An Islamic Structured Investment (or deposit) is an investment product which is linked to or benchmarked against a Shariah compliant underlying range of performance indicators such as equities, real estate or commodities. There are some Shariah compliant structured products in the market which is benchmarked against (Shariah compliant) indices, foreign exchange and even inter-bank offered rates. The returns from the structured investment are therefore dependant upon the performance of the underlying range of performance indicators.
A structured investment can either be principal protected or non-principal protected.
A Shariah compliant structured investment works the same way as their conventional counterpart, the only difference is in the nature of the underlying asset, it must not contravene Shariah principles.
The mechanics are as follows:
The promoter pool funds via the sales of the structured investment. The contract between the promoter and investor is usually that of a wakalah fi istithmar (investment agent).
For a principal protected structured investment, the promoter will split the funds into two, one portion will be invested in the Islamic money market or a fixed income instrument (zero coupon / discounted Sukuk) and a smaller portion will be utilised to purchase an option, applying the Urbun contract and referenced against the underlying.
The investment in the (Shariah compliant) fixed income instrument is for the purpose of reserving the principal investment and the option will provide the upside, if any.
The capital protection will only be enjoyed if the investment is held to maturity. Any premature withdrawal will result in the investment being valued at market and the investor will incur mark-to-market losses.
The maths is basically, allocate a portion based on the prevailing (profit?) rates that will ensure the capital is 100% preserved at the end of the investment tenure. The balance will be used to purchase an option. The participation rate (in the upside) of the option may not be 100% as it will depend on whether the balance after setting aside for the money market/fixed income Sukuk is sufficient. In some cases, the participation rate is less than 100% meaning the option holder is not entitled to all of the gains made from exercising the option.
Let’s dissect the structure.
Pooling of funds for investment purposes are perfectly fine and Shariah compliant.
Investing a portion to preserve capital – this would be done via the money market using Tawarruq. My stand on Tawarruq can be found here
A structured investment can either be principal protected or non-principal protected.
A Shariah compliant structured investment works the same way as their conventional counterpart, the only difference is in the nature of the underlying asset, it must not contravene Shariah principles.
The mechanics are as follows:
The promoter pool funds via the sales of the structured investment. The contract between the promoter and investor is usually that of a wakalah fi istithmar (investment agent).

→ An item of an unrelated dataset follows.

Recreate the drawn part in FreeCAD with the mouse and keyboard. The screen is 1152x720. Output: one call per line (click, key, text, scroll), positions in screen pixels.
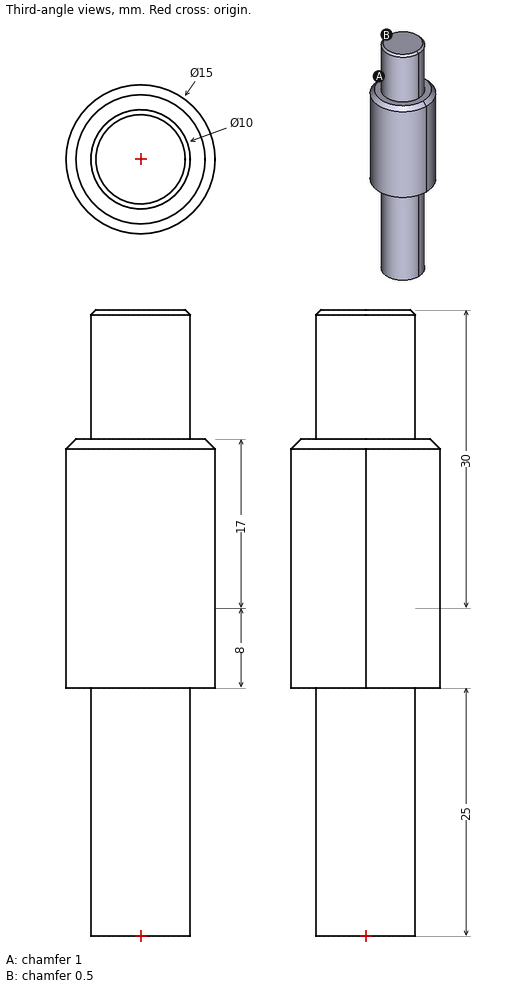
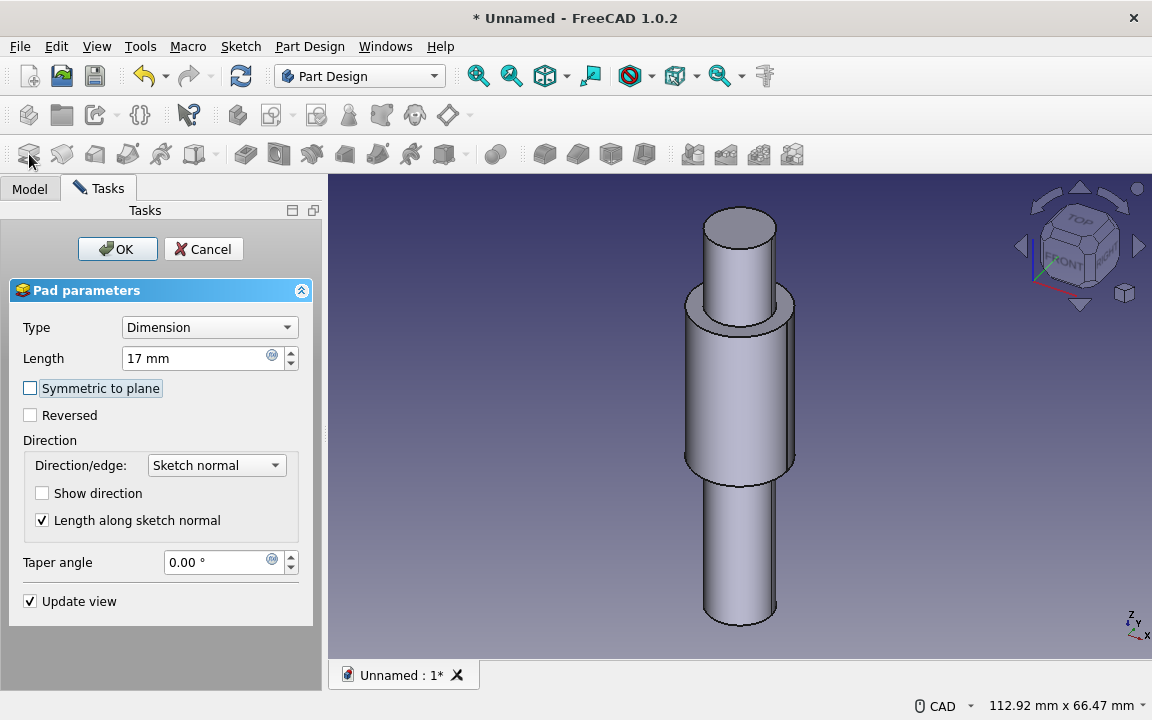
click(118, 249)
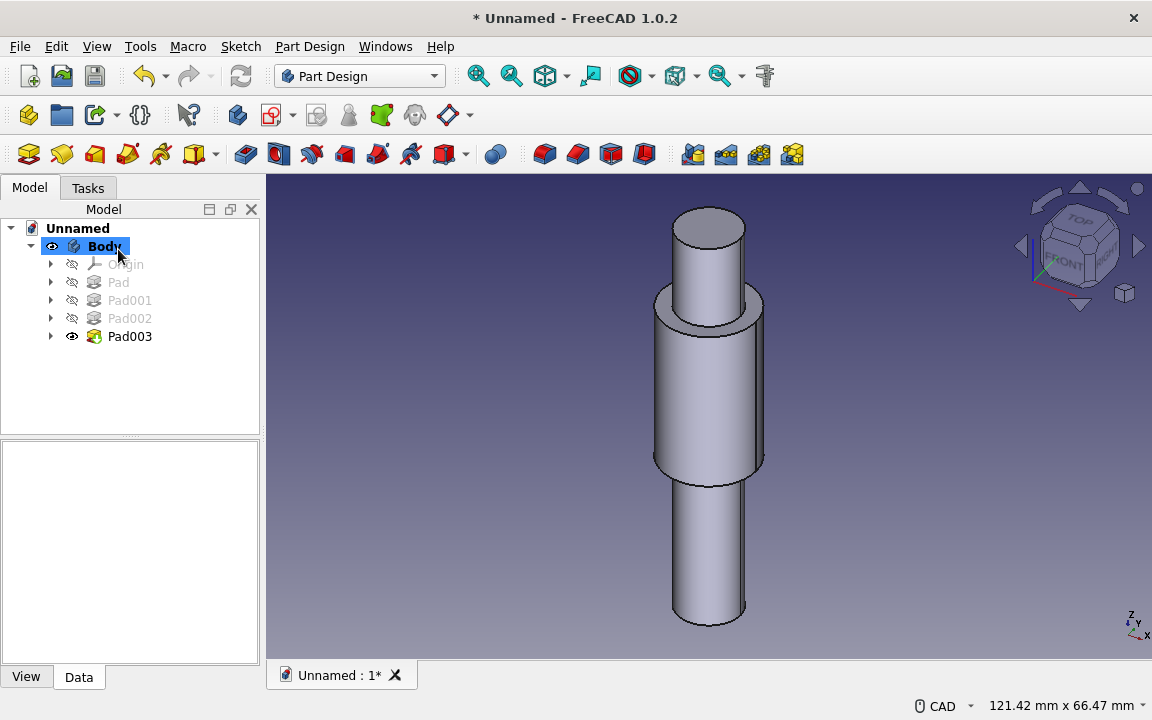
click(654, 308)
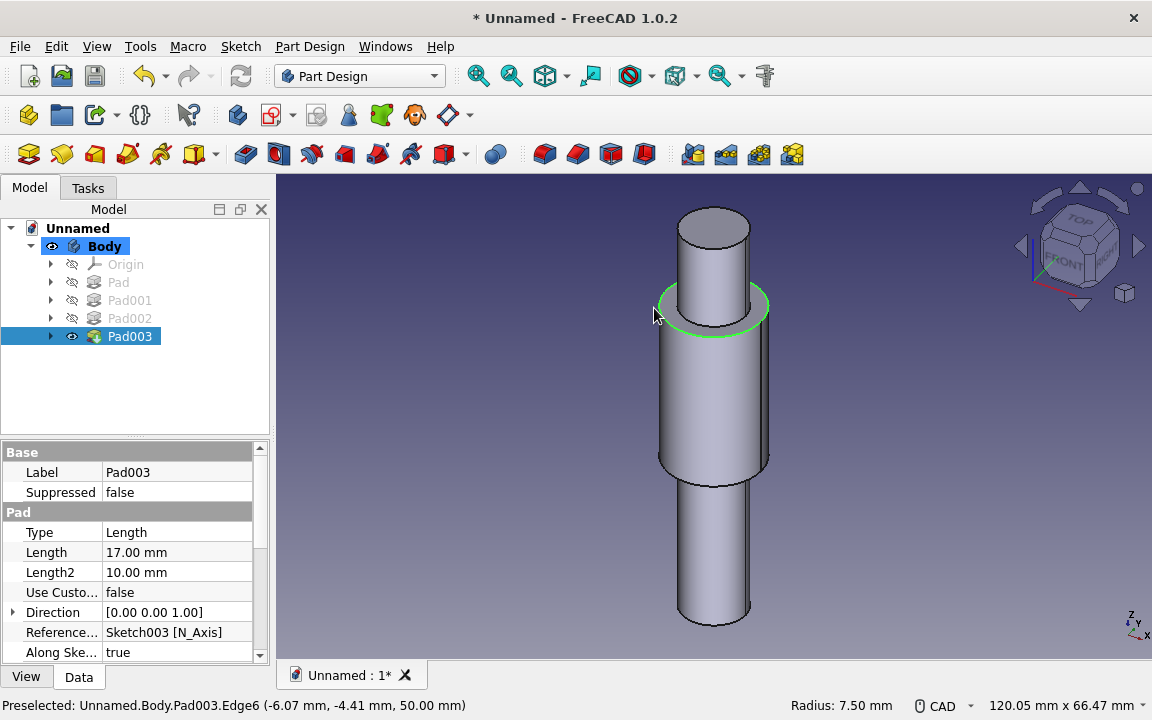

For a principal protected structured investment, the promoter will split the funds into two, one portion will be invested in the Islamic money market or a fixed income instrument (zero coupon / discounted Sukuk) and a smaller portion will be utilised to purchase an option, applying the Urbun contract and referenced against the underlying.
The investment in the (Shariah compliant) fixed income instrument is for the purpose of reserving the principal investment and the option will provide the upside, if any.

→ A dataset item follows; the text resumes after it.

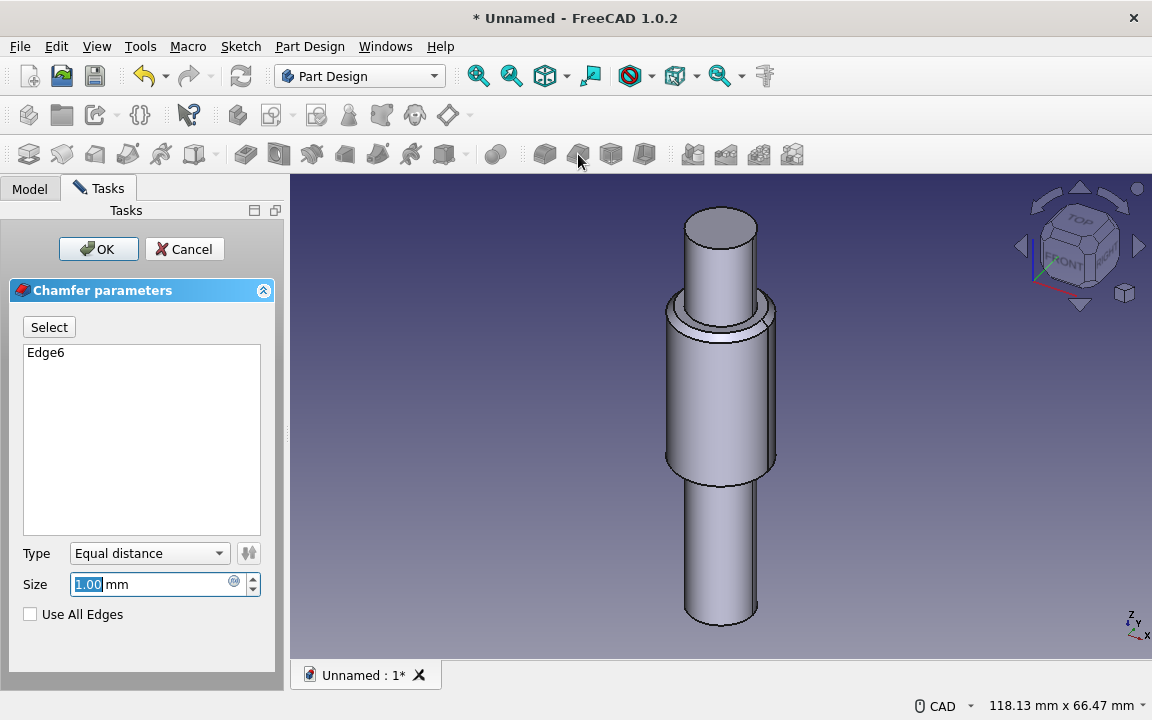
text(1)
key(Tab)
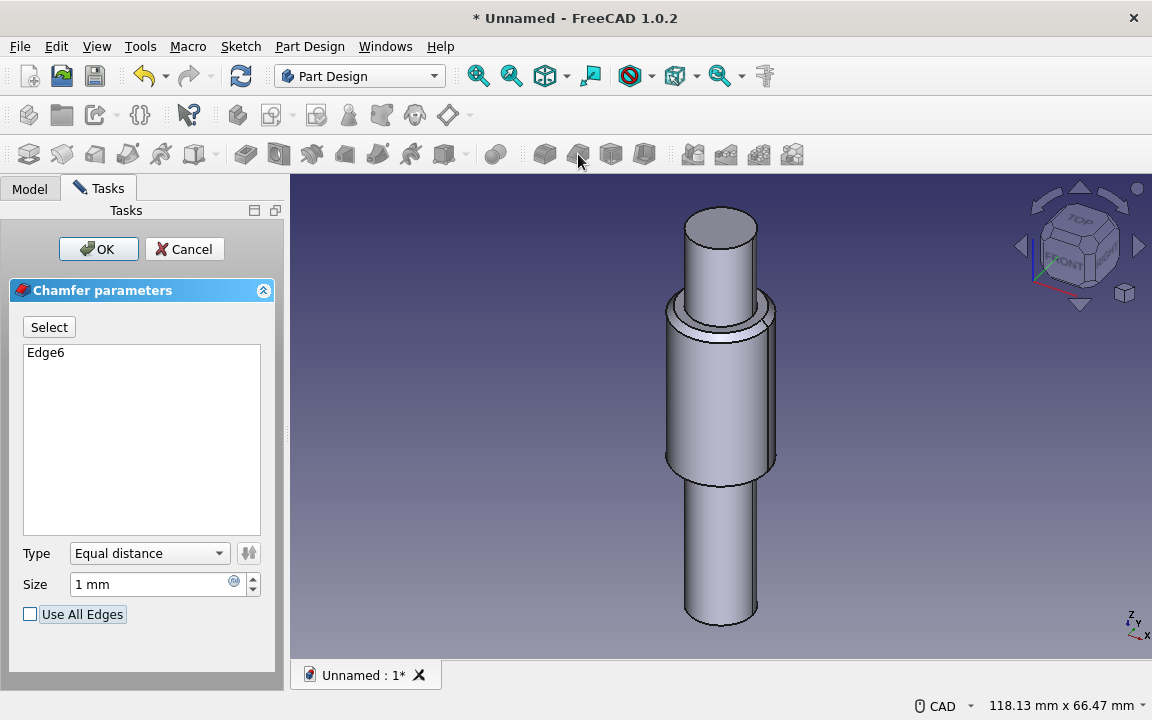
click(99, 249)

The capital protection will only be enjoyed if the investment is held to maturity. Any premature withdrawal will result in the investment being valued at market and the investor will incur mark-to-market losses.
The maths is basically, allocate a portion based on the prevailing (profit?) rates that will ensure the capital is 100% preserved at the end of the investment tenure. The balance will be used to purchase an option. The participation rate (in the upside) of the option may not be 100% as it will depend on whether the balance after setting aside for the money market/fixed income Sukuk is sufficient. In some cases, the participation rate is less than 100% meaning the option holder is not entitled to all of the gains made from exercising the option.

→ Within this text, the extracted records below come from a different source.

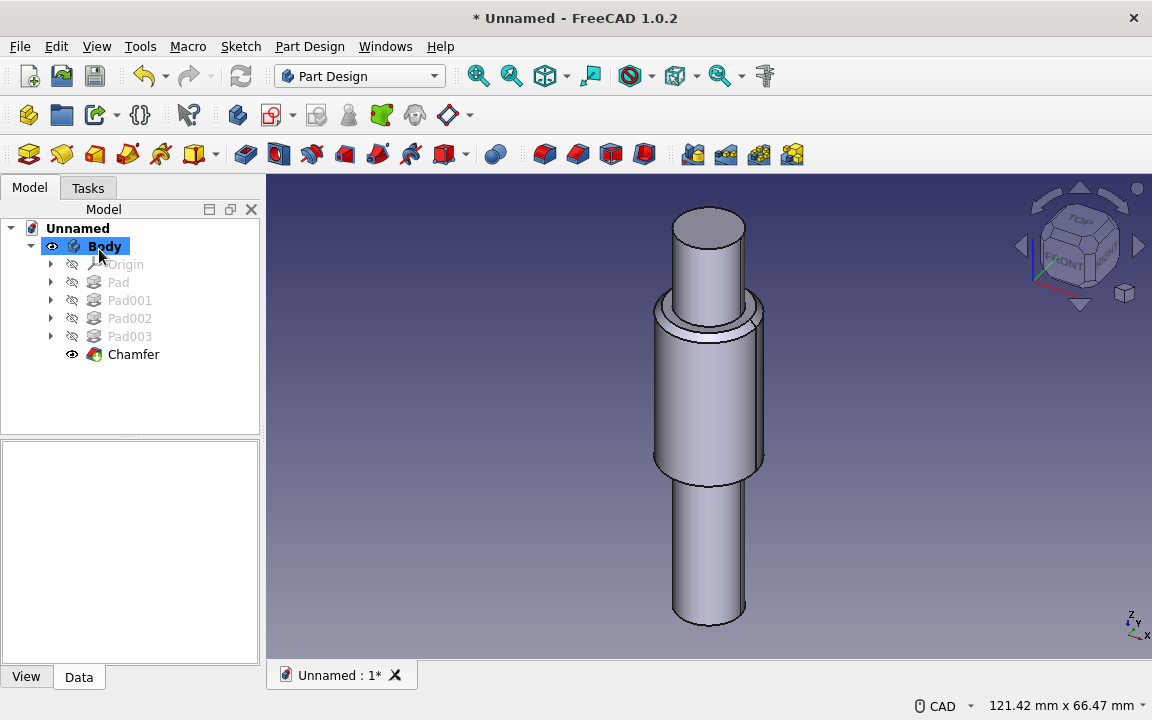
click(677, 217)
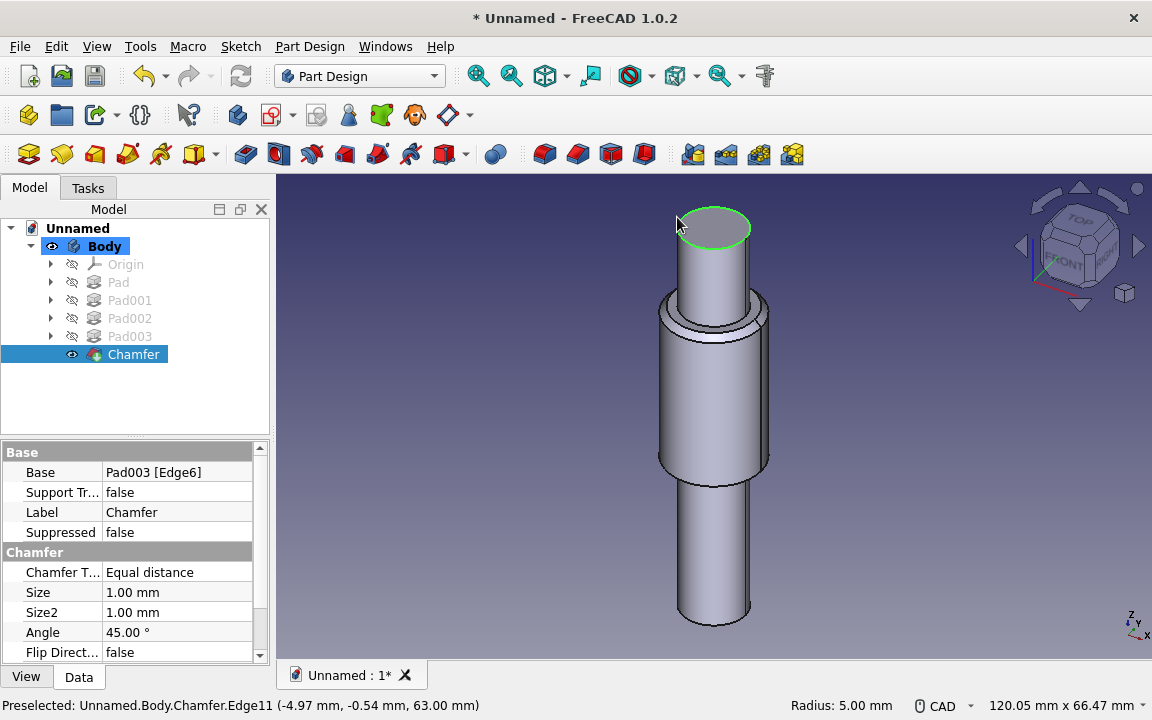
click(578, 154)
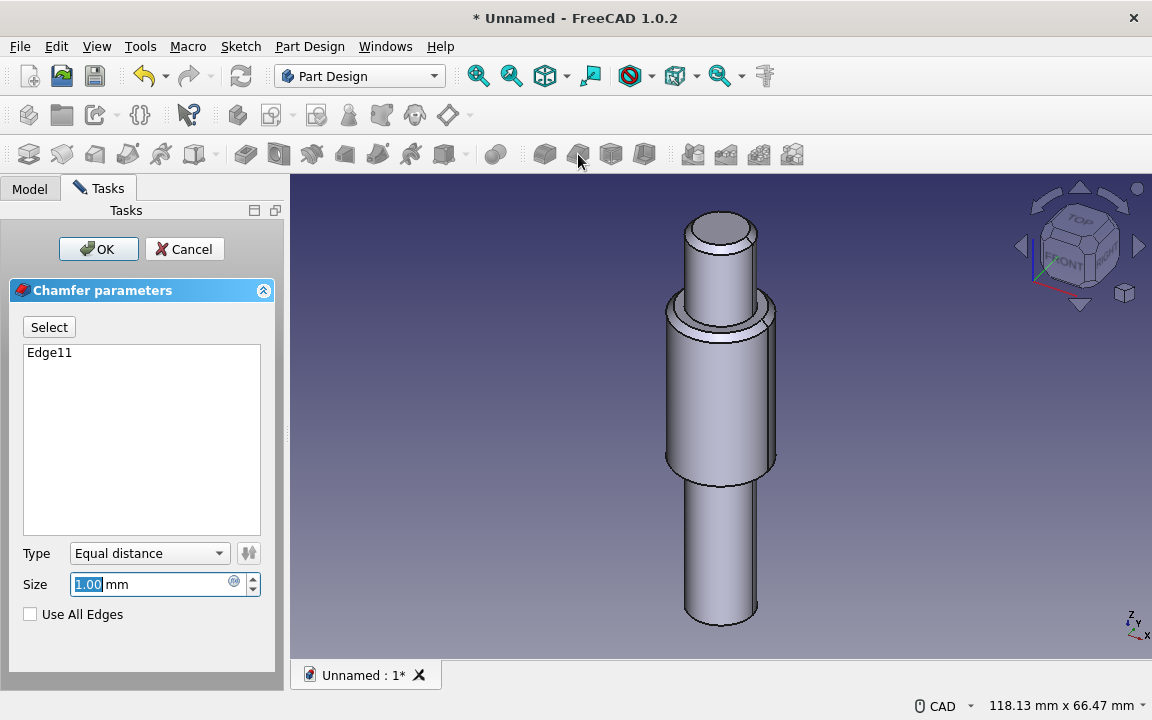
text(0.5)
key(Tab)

Let’s dissect the structure.
Pooling of funds for investment purposes are perfectly fine and Shariah compliant.
Investing a portion to preserve capital – this would be done via the money market using Tawarruq. My stand on Tawarruq can be found here
Capital preservation is often a sticky issue with Shariah, if economic conditions go against the investment, what right does the investors have to demand full capital preservation? It becomes a zero sum game and there will be one party in the transaction who will lose out at the expense of the other. Shariah based finance is about justice and equity, sharing of profits and losses.
Buying an option using Urbun*, putting a deposit/downpayment to earn rights to purchase an asset – sounds compliant but are indices, foreign exchange and even inter-bank offered rates Shariah compliant assets? Does buying an intangible asset serve any economic purpose? I have no issues on Urbun for tangible assets like property or commodities.
My take on structured investment is it sort of looks and sounds like a mutual fund with a derivative (the option) and capital preservation elements. My views on derivatives can be found here and I’m of the opinion that capital should be positively correlated to the economy, preserving it would entail going against economic trends and causing some party somewhere to suffer more losses than necessary.